Shadia: Dating while Muslim is complicated

I was never the girl who fantasized about Prince Charming charging in on his camel and sweeping me off my feet.

When I was growing up in Egypt, education was emphasized above all else. My mom, Shadia, who never graduated from high school, always read the newspaper. She sent me and my sister, Marwa, to school the first chance she could and made sure I learned to read and spell at a young age.

But the idea of marriage was never absent.

Middle Easterners love weddings, which can last for days and involve entire neighborhoods.

There is an expectation to get married early. If you hit your mid- or late-20s and you're not married yet, something is wrong. And the more kids the merrier.

When I was little, I thought I'd get married when I turned 20, the age I would have graduated from college had I stayed in their school system.

I'm 28 now, which makes me about 50 in Arab years.

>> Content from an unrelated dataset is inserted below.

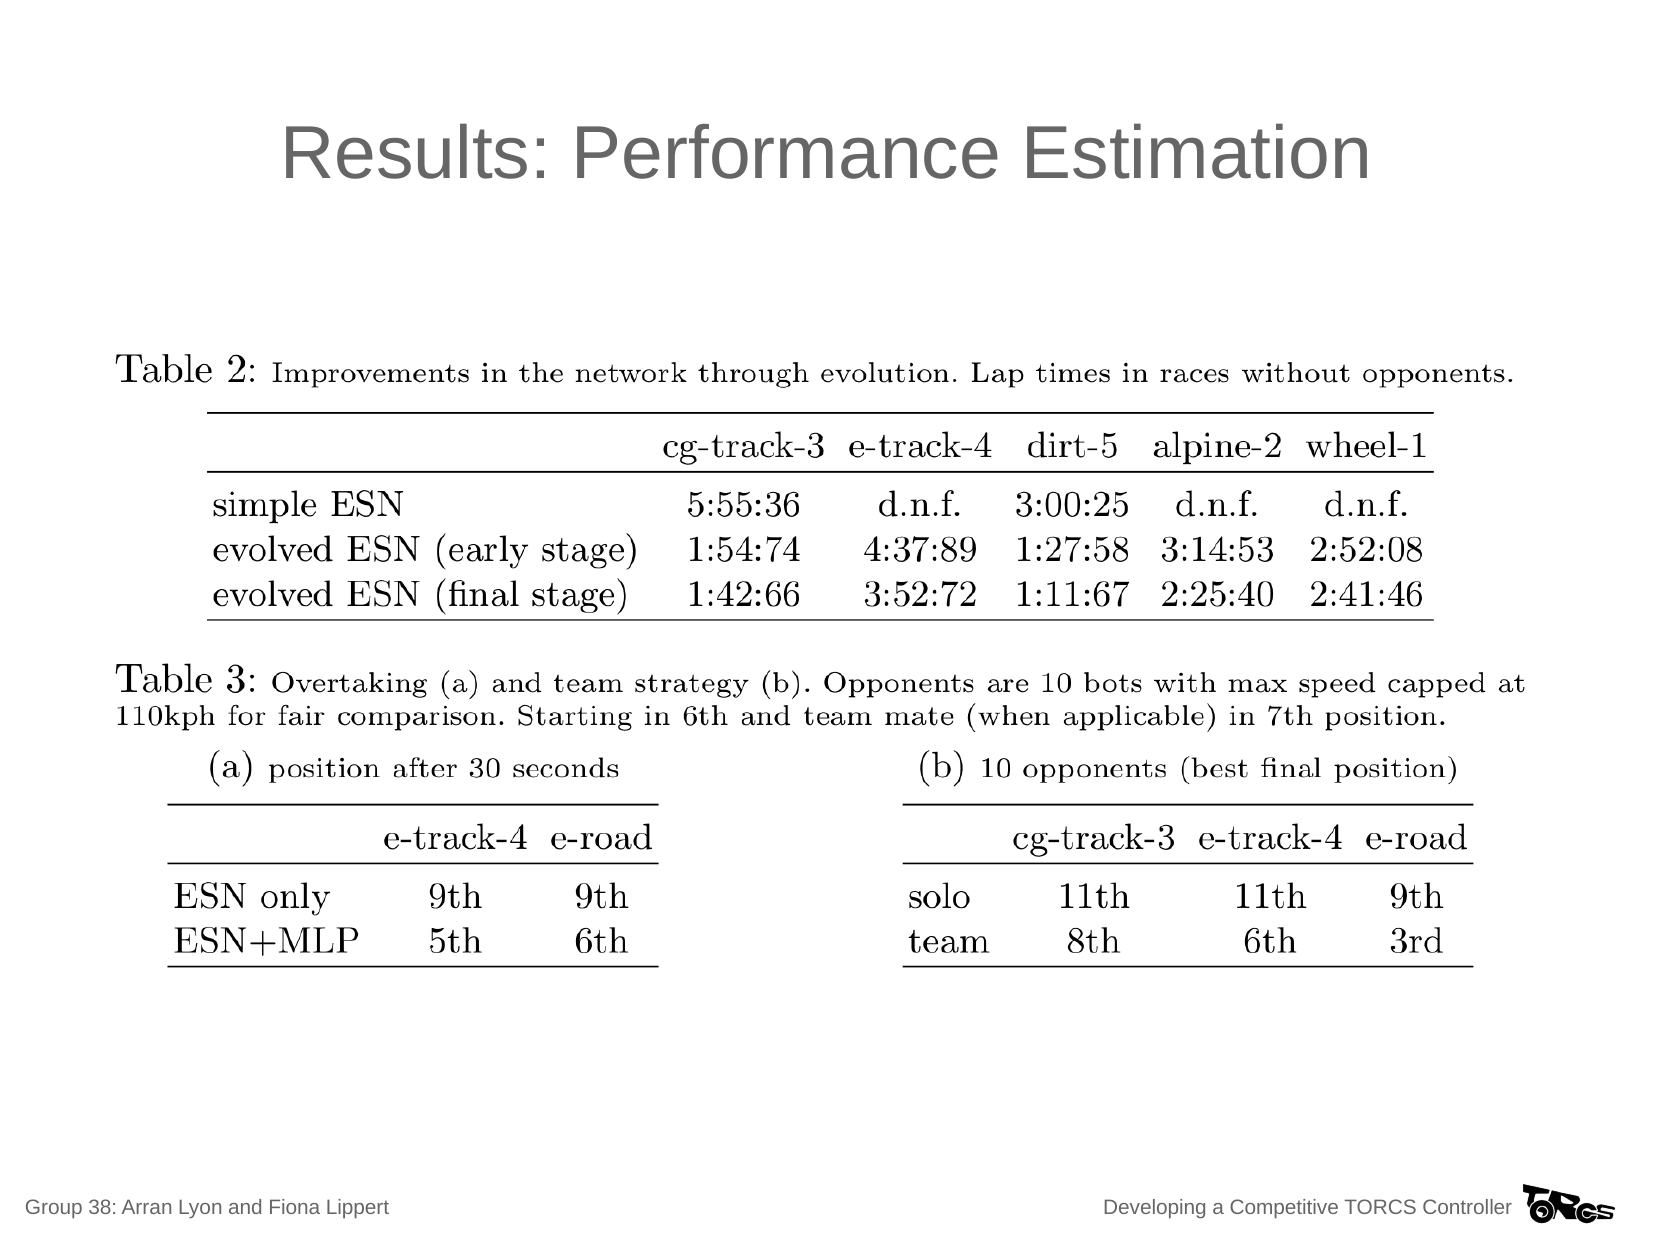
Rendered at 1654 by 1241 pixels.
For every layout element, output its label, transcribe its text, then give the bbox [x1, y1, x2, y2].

title Results: Performance Estimation [82, 49, 1571, 257]
picture [1520, 1183, 1616, 1224]
picture [84, 332, 1555, 1023]

That fantasy about Prince Charming did eventually take over in my early 20s, but it was refined to be more mature and realistic.

Not only do I know exactly what kind of a guy I want, I also know how my wedding dress, veil and engagement ring should look, and even who should officiate. I mean, who cares what the guy thinks, right?

Maybe, if he wanted a say, he would be here already.

"Dating," or the process in which you get to the point of marriage, is kind of taboo in my culture. The word boyfriend or girlfriend can cause a Middle Eastern parent to have a heart attack.

Western-style dating is frowned upon in Islam, and that's because men shouldn't be allowed to go from one girl to the next without making a commitment. They should "get to know the girl" only if they intend on marrying her, and that period of "getting to know each other" is usually monitored and limited in time, especially in conservative families.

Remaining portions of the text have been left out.